[[ Listed records, beginning ]]

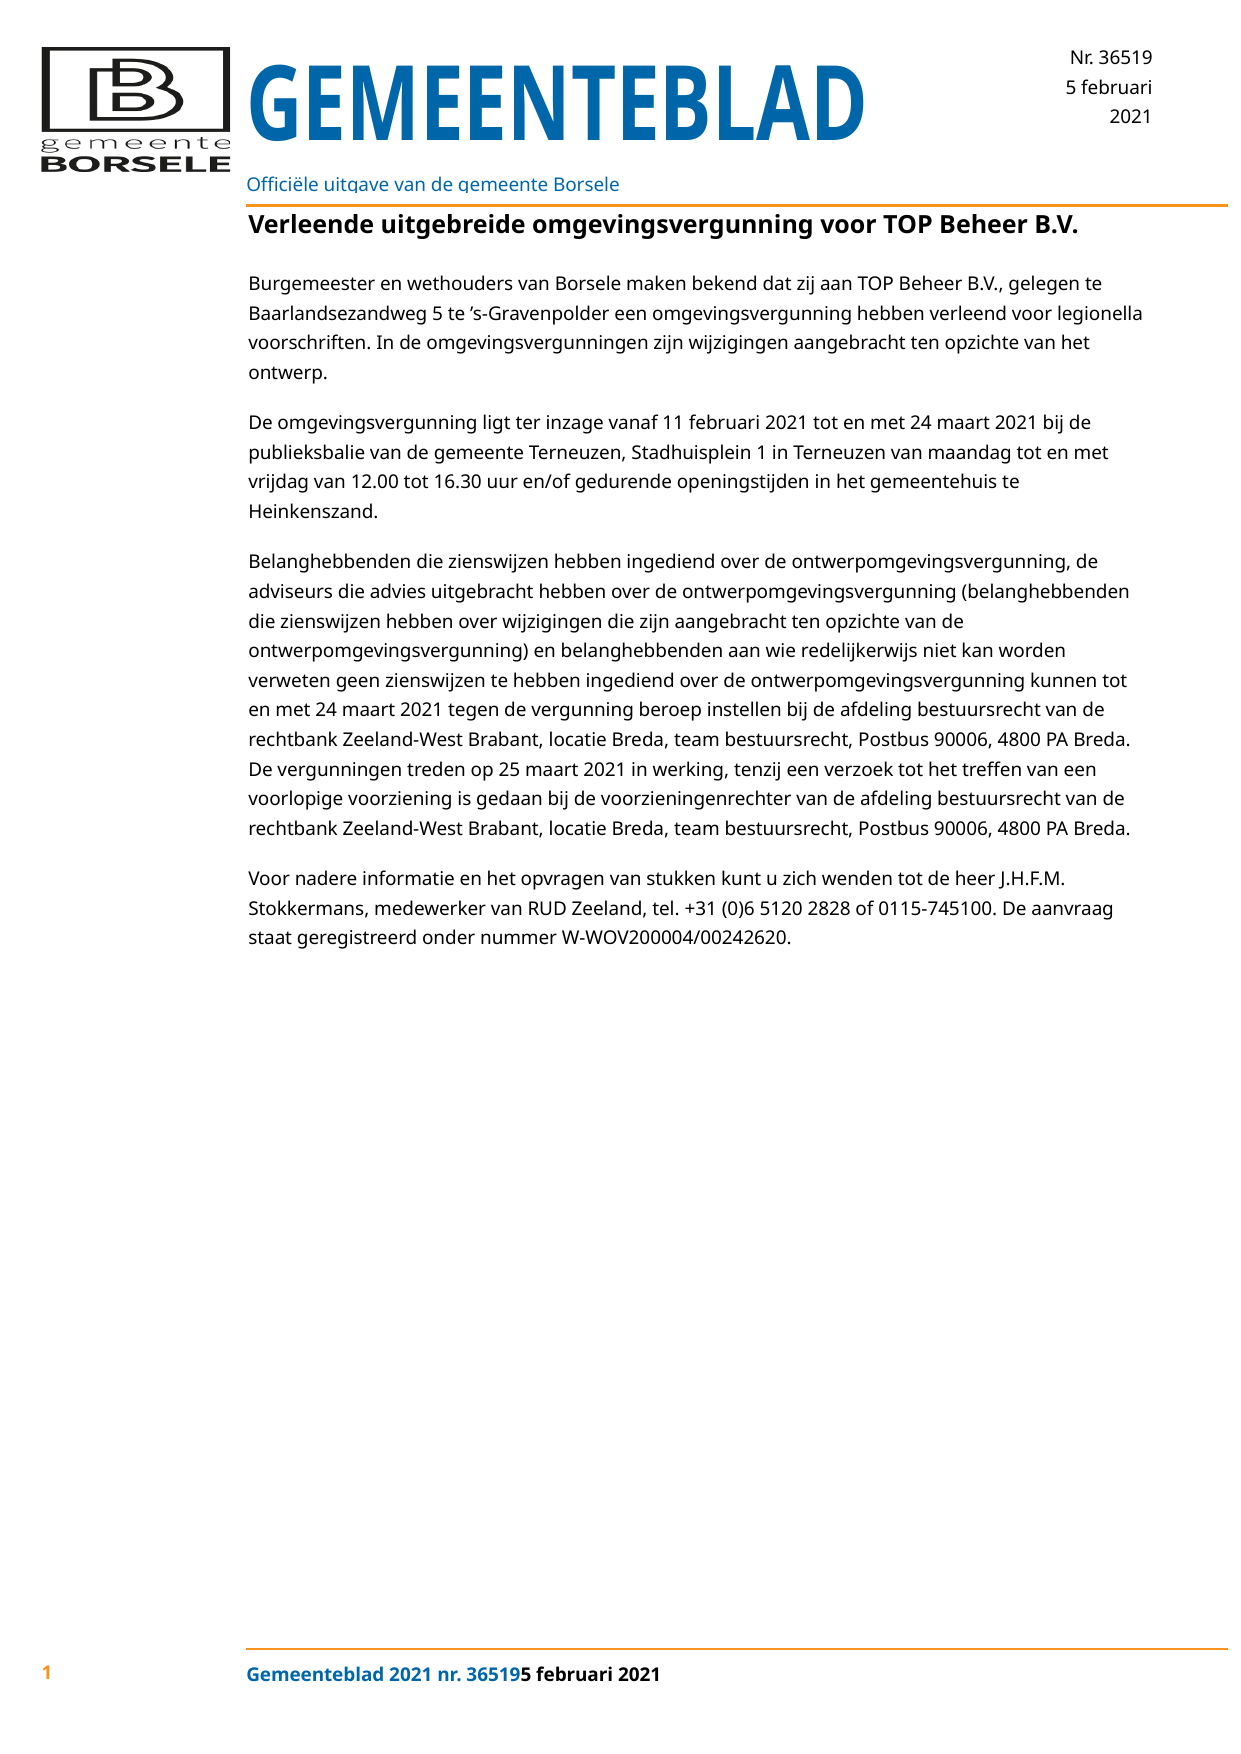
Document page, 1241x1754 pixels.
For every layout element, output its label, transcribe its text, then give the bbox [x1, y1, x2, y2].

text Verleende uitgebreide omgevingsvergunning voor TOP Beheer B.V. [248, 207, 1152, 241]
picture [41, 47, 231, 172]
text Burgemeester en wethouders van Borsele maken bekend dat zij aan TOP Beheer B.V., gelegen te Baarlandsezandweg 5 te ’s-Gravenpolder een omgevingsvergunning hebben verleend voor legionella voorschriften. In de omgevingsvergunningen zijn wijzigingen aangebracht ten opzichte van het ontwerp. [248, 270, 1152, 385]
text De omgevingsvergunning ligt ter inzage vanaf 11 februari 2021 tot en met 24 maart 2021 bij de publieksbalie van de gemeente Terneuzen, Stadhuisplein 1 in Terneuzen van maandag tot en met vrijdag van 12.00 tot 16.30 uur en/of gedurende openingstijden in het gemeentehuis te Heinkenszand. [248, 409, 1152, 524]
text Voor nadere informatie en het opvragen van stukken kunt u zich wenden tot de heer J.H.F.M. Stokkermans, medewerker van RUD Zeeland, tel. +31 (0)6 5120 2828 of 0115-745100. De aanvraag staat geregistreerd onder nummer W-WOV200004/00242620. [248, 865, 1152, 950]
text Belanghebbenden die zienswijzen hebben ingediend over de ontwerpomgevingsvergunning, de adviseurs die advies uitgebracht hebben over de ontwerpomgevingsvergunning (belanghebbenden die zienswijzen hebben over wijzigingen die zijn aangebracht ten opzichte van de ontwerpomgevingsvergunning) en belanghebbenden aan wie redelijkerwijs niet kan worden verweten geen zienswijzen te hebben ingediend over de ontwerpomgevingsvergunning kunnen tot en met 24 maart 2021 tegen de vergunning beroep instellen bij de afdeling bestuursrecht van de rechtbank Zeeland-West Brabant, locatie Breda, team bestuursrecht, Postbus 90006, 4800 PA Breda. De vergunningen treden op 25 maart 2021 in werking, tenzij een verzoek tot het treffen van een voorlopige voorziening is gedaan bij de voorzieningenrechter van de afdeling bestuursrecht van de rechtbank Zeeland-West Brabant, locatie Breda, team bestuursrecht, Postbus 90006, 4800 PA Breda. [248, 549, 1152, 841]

[[ Listed records, end ]]
[[ Listed records, beginning ]]

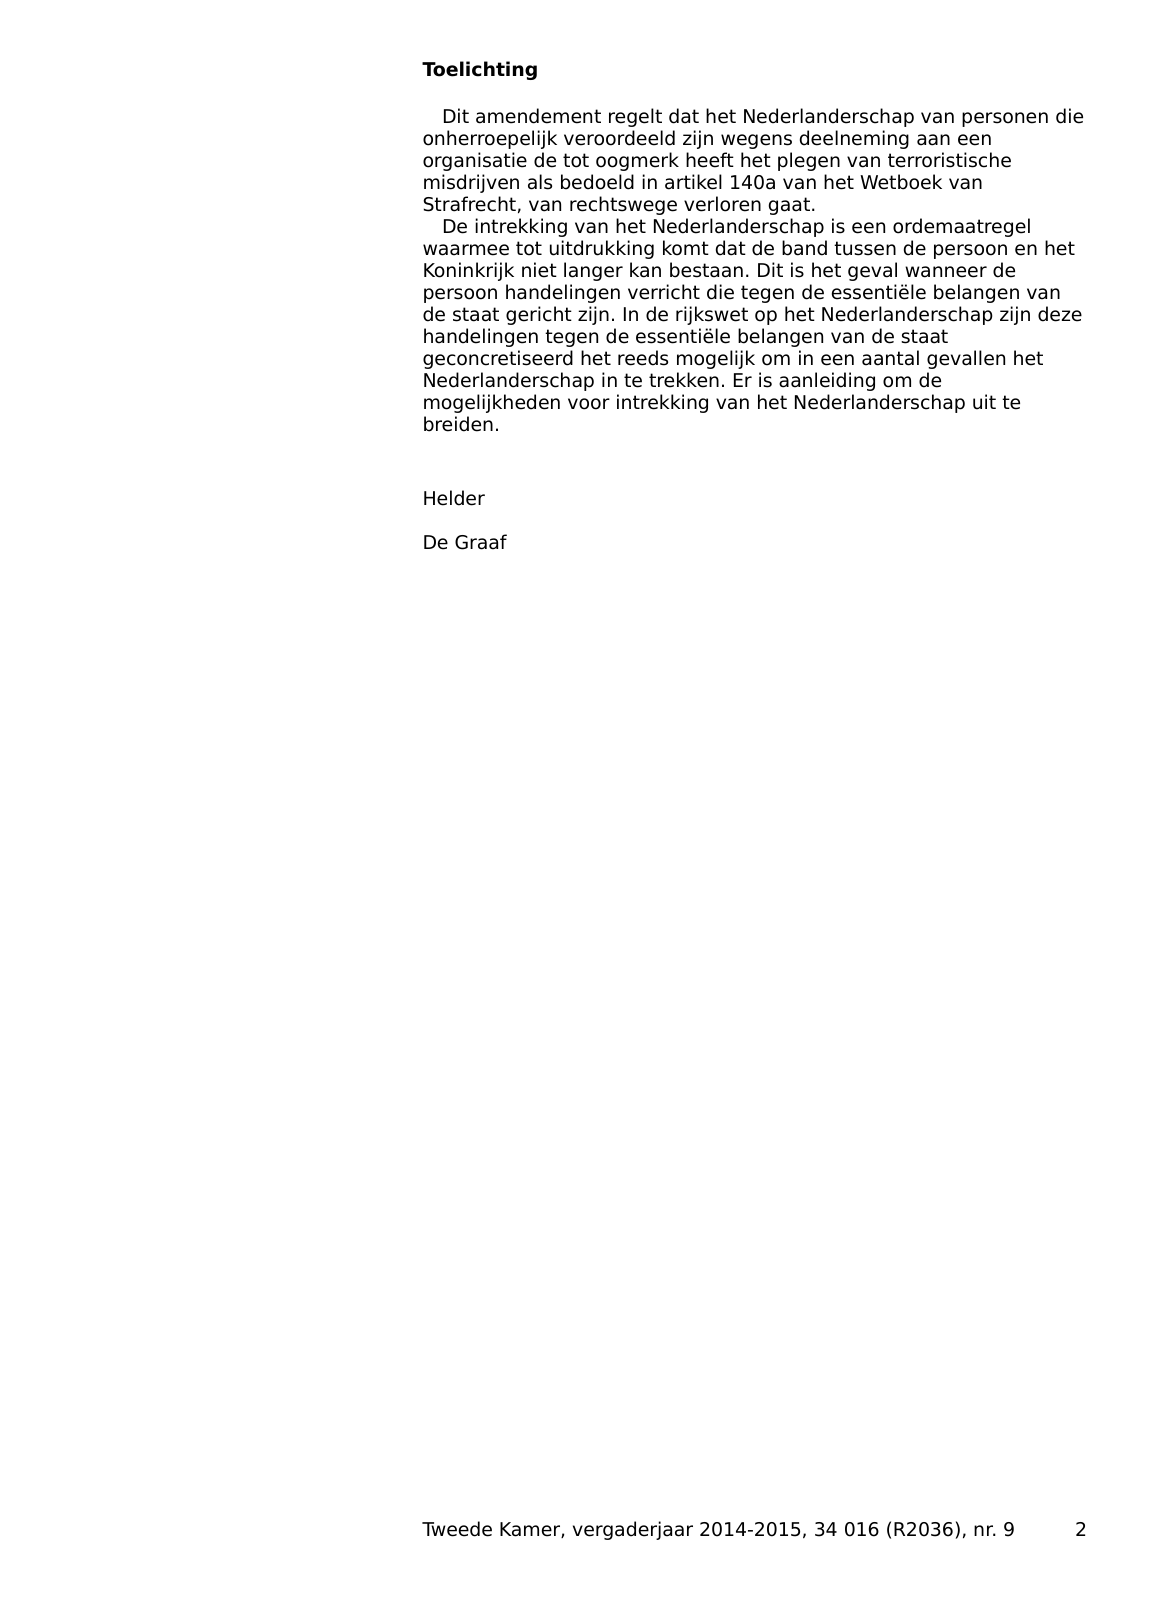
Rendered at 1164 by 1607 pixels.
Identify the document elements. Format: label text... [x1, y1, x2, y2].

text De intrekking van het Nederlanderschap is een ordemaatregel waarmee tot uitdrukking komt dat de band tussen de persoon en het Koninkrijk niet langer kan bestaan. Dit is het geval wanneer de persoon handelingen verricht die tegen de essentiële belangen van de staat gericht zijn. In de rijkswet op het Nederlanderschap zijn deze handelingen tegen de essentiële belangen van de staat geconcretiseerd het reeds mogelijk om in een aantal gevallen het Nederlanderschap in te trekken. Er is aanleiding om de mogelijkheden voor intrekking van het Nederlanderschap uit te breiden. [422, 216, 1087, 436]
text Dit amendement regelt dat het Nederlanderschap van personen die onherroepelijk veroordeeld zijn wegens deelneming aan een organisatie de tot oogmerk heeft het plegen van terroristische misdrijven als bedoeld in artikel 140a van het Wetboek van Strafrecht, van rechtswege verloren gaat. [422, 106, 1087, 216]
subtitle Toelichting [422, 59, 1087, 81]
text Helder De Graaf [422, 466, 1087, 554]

[[ Listed records, end ]]

» **Exercise description**
The range runs from the line above containing "text Dit amendement" to the line containing "text Helder De Graaf [422, 466, 1087, 554]", inclusive. Restate those lines word for word and no others.

» **Finished exercise**
text Dit amendement regelt dat het Nederlanderschap van personen die onherroepelijk veroordeeld zijn wegens deelneming aan een organisatie de tot oogmerk heeft het plegen van terroristische misdrijven als bedoeld in artikel 140a van het Wetboek van Strafrecht, van rechtswege verloren gaat. [422, 106, 1087, 216]
subtitle Toelichting [422, 59, 1087, 81]
text Helder De Graaf [422, 466, 1087, 554]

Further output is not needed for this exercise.